Magrittes Kunstwerke sind dennoch geprägt von einer unverwechselbaren Bildsprache, die den Betrachter in eine Welt voller Rätsel und Geheimnisse entführt. In diesem biographischen Beitrag erfahren Sie mehr über das Leben und die Werke von René Magritte und werden gleichzeitig in die faszinierende Welt des Surrealismus eintauchen.
Bedeutende Stationen im Leben von Magritte
- 1898: Magritte kam in Lessines (Belgien) zur Welt
- 1912: Seine Mutter wird ertrunken im Fluss Sambre aufgefunden
- 1915: Erstes Gemälde
- 1916-18: Er besucht die Académie Royale des Beaux Arts in Brüssel
- 1921-22: Wehrdienst
- 1922: Hochzeit mit Georgette Berger
- 1926: Beginn seiner Karriere als Vollzeitkünstler
- 1929: Er malt Ceci N’est Pas Une Pipe (Der Verrat der Bilder)
- 1944: Nach dem Zweiten Weltkrieg nimmt er seine Karriere als surrealistischer Künstler wieder auf
- 1964: Er malt sein legendäres Werk Le fils de l’homme (Der Menschensohn)
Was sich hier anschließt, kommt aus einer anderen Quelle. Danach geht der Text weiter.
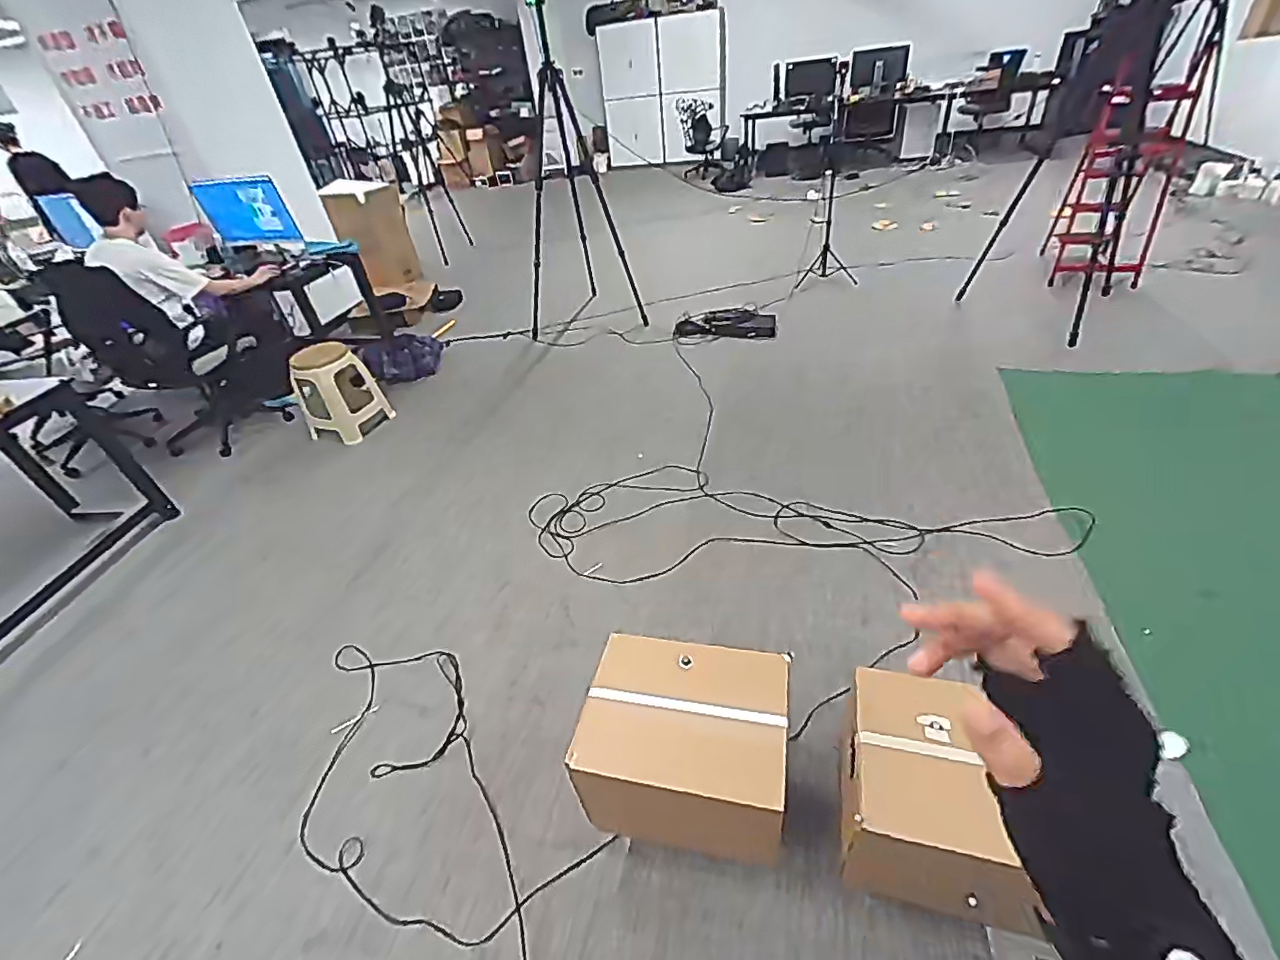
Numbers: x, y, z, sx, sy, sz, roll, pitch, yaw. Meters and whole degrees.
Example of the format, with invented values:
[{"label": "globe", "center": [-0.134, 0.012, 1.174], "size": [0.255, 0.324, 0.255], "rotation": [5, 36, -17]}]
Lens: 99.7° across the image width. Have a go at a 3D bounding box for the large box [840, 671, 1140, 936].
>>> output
[{"label": "large box", "center": [0.622, 0.623, 1.064], "size": [0.408, 0.320, 0.320], "rotation": [4, 40, 17]}]
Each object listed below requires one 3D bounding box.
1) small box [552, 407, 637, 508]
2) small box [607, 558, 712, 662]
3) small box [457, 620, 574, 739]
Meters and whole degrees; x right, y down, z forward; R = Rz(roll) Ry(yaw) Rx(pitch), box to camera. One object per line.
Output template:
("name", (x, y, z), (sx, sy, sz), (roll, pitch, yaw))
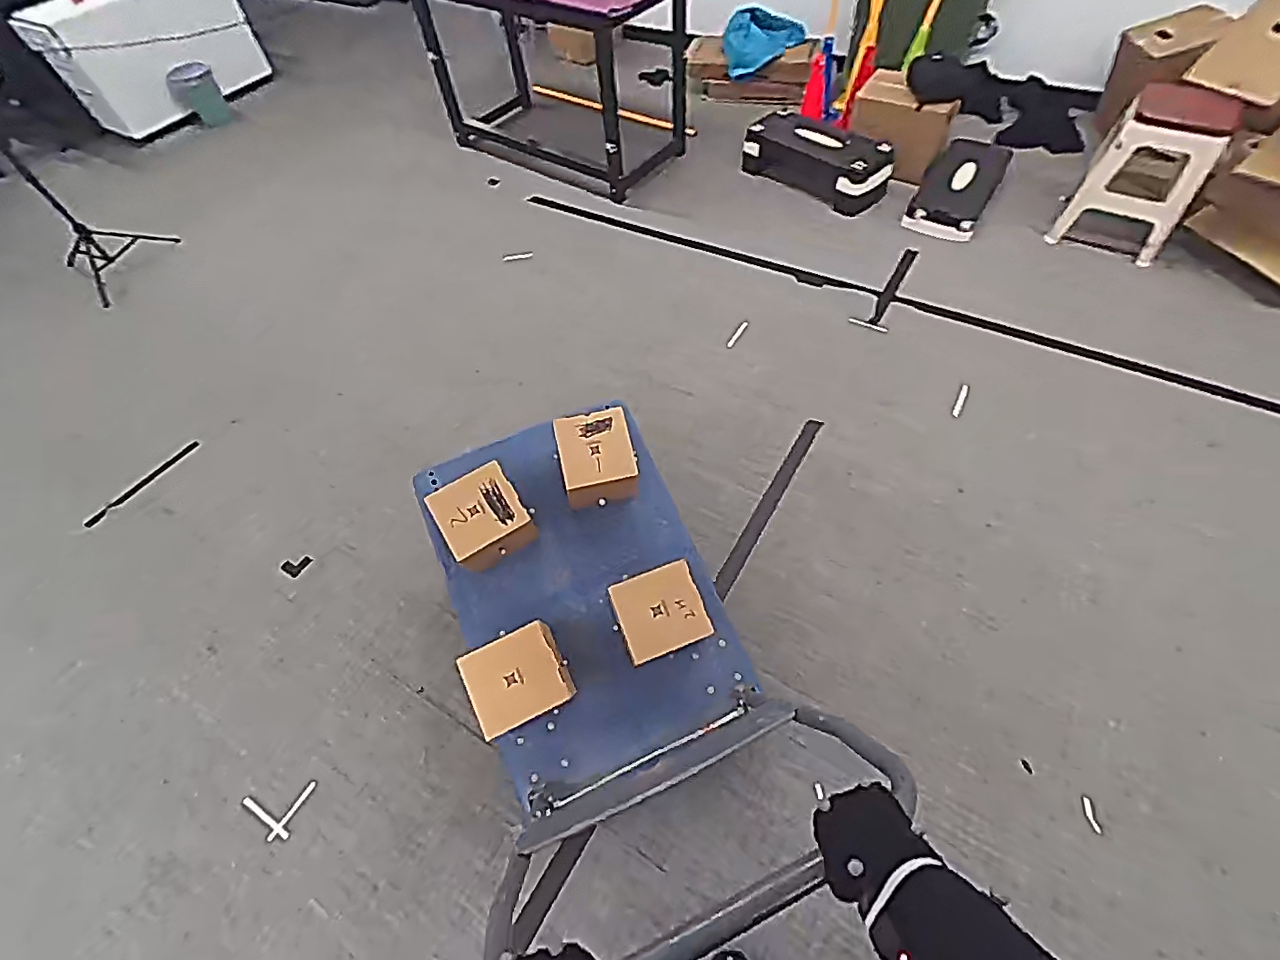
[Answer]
("small box", (-0.110, -0.050, 1.291), (0.168, 0.176, 0.179), (-12, 73, -7))
("small box", (0.037, 0.289, 1.178), (0.179, 0.176, 0.168), (-20, 73, -10))
("small box", (-0.250, 0.411, 1.122), (0.179, 0.176, 0.168), (-25, 73, -12))
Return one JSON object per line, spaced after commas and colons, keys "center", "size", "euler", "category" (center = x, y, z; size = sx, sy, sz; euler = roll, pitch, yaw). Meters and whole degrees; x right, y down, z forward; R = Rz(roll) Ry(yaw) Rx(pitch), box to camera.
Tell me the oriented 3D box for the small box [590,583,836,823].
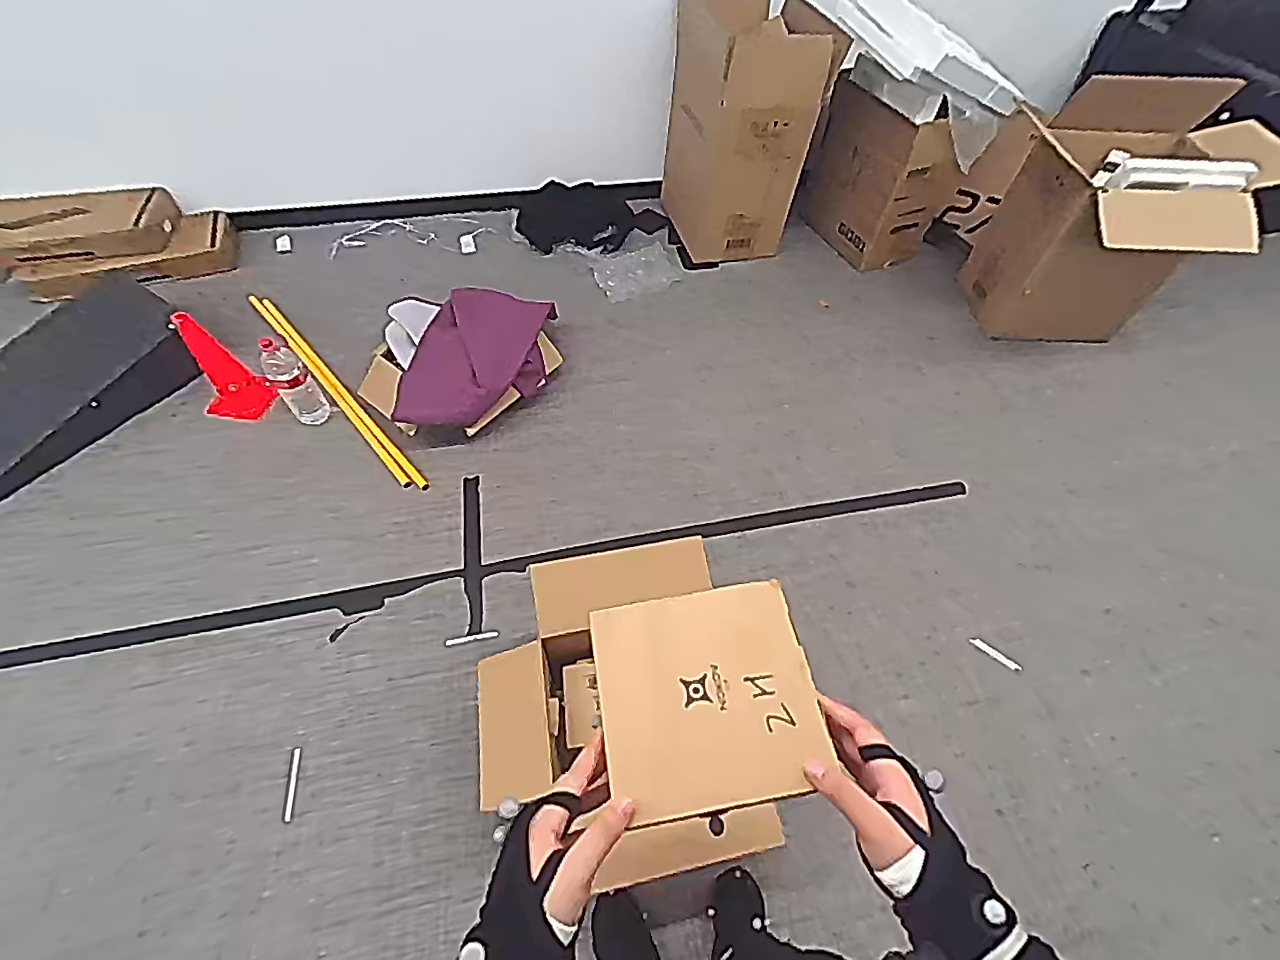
{"center": [0.055, 0.216, 0.512], "size": [0.179, 0.176, 0.168], "euler": [-9, 58, -4], "category": "small box"}
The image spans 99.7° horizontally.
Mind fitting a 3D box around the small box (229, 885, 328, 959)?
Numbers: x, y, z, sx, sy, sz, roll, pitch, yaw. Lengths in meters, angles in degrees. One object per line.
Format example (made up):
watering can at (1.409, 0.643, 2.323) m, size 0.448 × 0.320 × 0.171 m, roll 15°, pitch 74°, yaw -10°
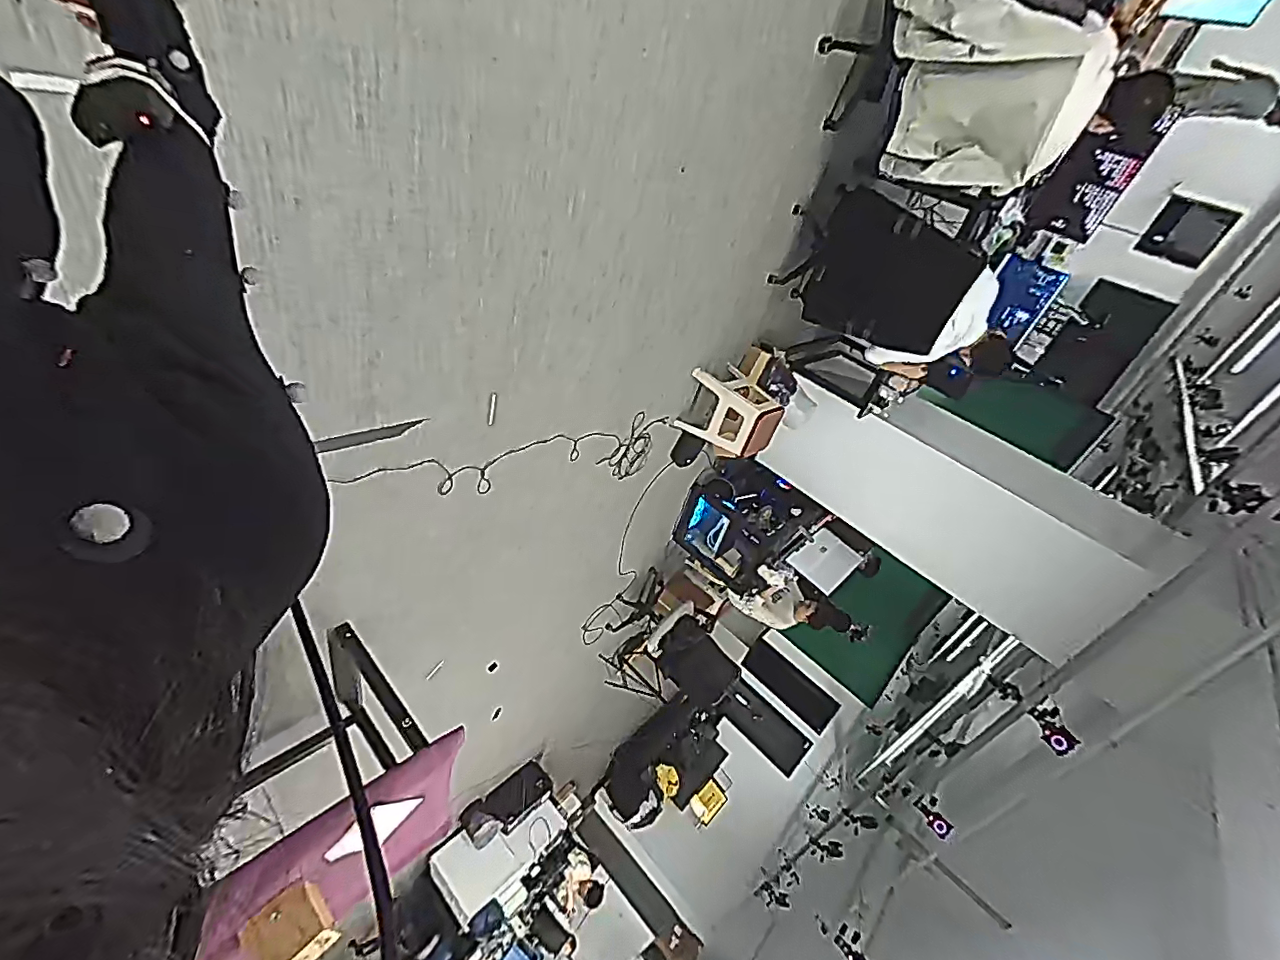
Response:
small box at (-1.031, 1.313, 1.539) m, size 0.179 × 0.176 × 0.168 m, roll -31°, pitch 148°, yaw -34°

- 1967: Magritte verstirbt an Bauchspeicheldrüsenkrebs
Kindheit
René François Ghislain Magritte erblickte am 21. November das Licht der Welt in Lessines, einer Stadt in der wallonischen Provinz Hennegau in Belgien. Sein Vater, Léopold Magritte, war Schneider und Kaufmann, während seine Mutter, Régina Bertinchamps, vor ihrer Heirat als Hutmacherin arbeitete.
Kurz vor Renés Geburt zog das Ehepaar nach Lessines, wo Réginas verwitwete Mutter ebenfalls im gemeinsamen Haushalt lebte. René hatte zwei jüngere Brüder namens Raymond (geb. 1900) und Paul (geb. 1902).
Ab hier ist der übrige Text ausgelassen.